Trasformarsi in un laboratorio sulle misure di sicurezza e prevenzione, per dimostrare come anche in situazioni complicate come il periodo pandemico, si possano organizzare eventi di carattere sportivo che tengano vivo quella necessità di socialità di cui tutta la comunità ha bisogno. Questo è l’obiettivo che la SentieroUno sta inseguendo fin dalla scorsa primavera, per regalare una manifestazione sicura nei primi giorni di gennaio 2021 e per aprire una strada anche per altre realtà organizzative.

Una delle tappe principali di questo percorso si è svolta all’inizio di novembre quando è stata organizzata un’esercitazione sull’applicazione delle misure di prevenzione alla diffusione del covid 19. L’applicazione corretta delle norme permette di non creare assembramenti né alla partenza né ai delicati punti di ristoro, di solito molto affollati nelle competizioni e dove è facile che si creino assembramenti. Ma la zona ristoro ha superato la prova, venendo apprezzata dai 79 atleti partecipanti all’esperimento.

L’utilizzo della mascherina e la sanificazione vengono effettuati prima che l’atleta entri nella zona ristoro, dove i liquidi vengono versati nel suo personale bicchiere che tiene nello zainetto mentre per quanto riguarda i solidi, i responsabili del ristoro, muniti di guanti e mascherina consegnano un sacchetto contenente il cibo. Liquidi e solidi vengono poi consumati dall’iscritto in un’apposita zona, evitando così file e creazione di gruppi di runner che si nutrono al tavolo.

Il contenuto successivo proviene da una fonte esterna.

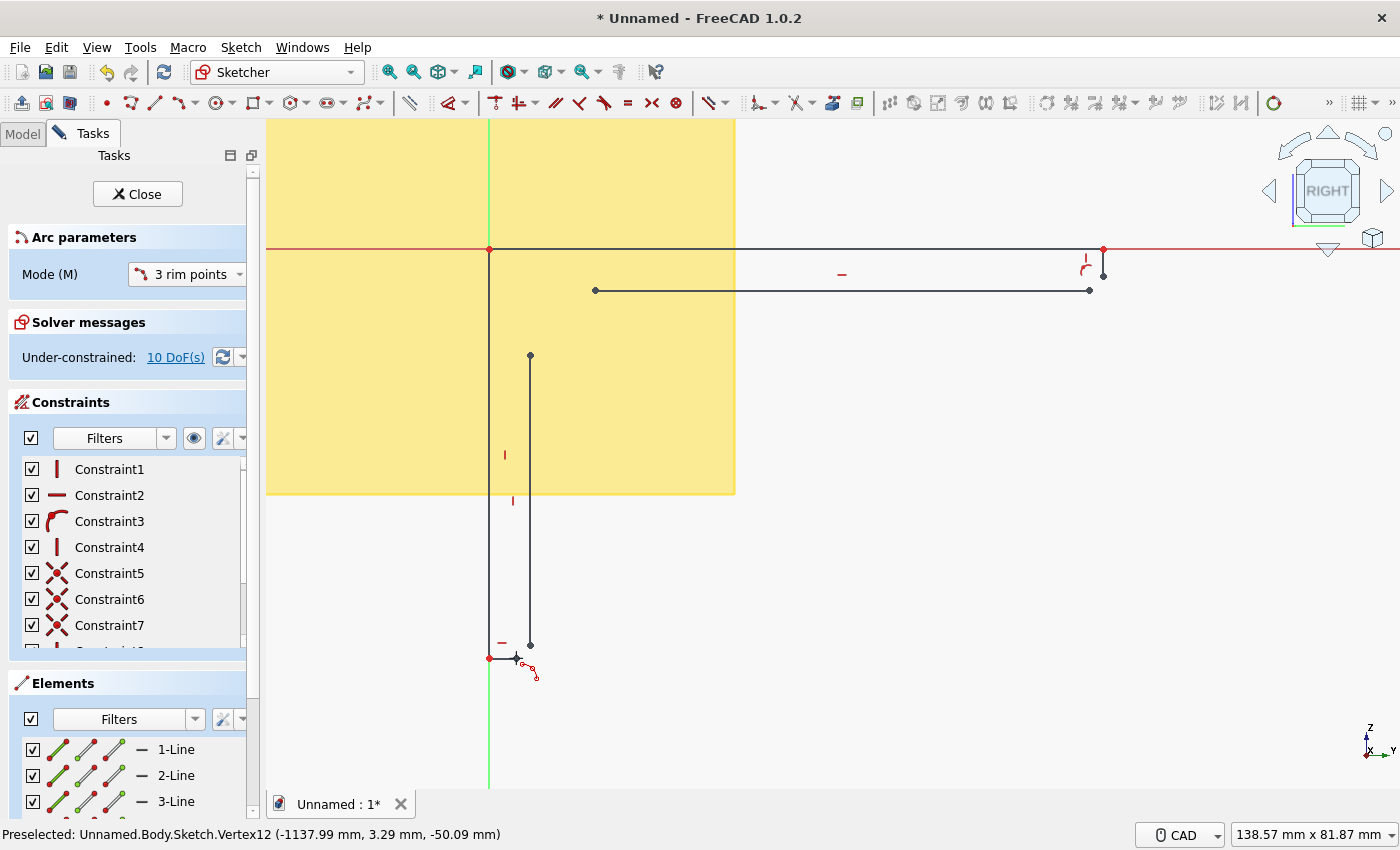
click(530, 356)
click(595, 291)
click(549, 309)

Poi, al di là dei ristori il partecipante deve sempre portare con sé dei fazzoletti, evitando di sputare lungo il percorso, il bicchiere, salvietta o gel sanificate, scaldacollo o mascherina che devono essere sempre a portata immediata. Inoltre l’iscritto alla competizione avrà l’obbligo di indossare il braccialetto di controllo rilasciato dagli organizzatori non prima di 18 ore dalla gara alle seguenti condizioni: tampone rapido negativo, autocertificazione ai sensi di legge, temperatura inferiore ai 37.5°. Si otterrà così un sistema di screening sui concorrenti che potrà agevolare l’operato del sistema sanitario, che vive una quotidiana emergenza.

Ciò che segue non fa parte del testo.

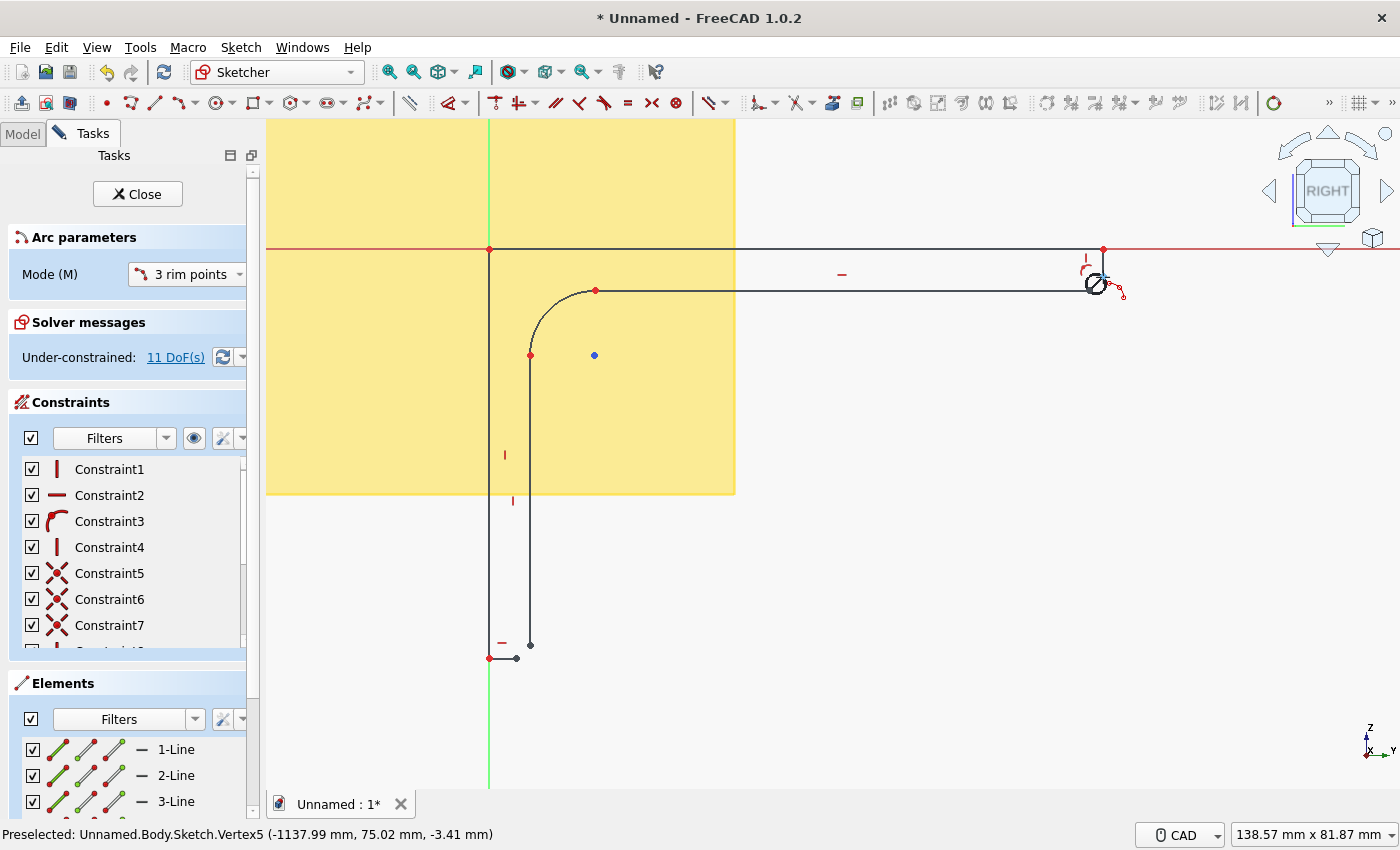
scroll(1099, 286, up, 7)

In questo contesto si inserisce inoltre l’operazione Un tampone per lo sport e un tampone per le scuole, volta da un lato a tutelare gli atleti e dall’altra a sostenere gli istituti scolastici, che stanno vivendo da mesi una situazione precaria. Tutti gli ultra runner, oltre ad avere diritto al proprio tampone acquistato dall’organizzazione, potranno donarne un altro alle scuole (personale e studenti). Se poi in seguito a futuri nuovi protocolli, in occasione della Corsa della Bora non fosse più obbligatorio lo screening dei partecipanti o se l’evento fosse cancellato, tutti i tamponi forniti dalla Inventa Technologies di Modena verrebbero comunque destinati gratuitamente agli istituti scolastici.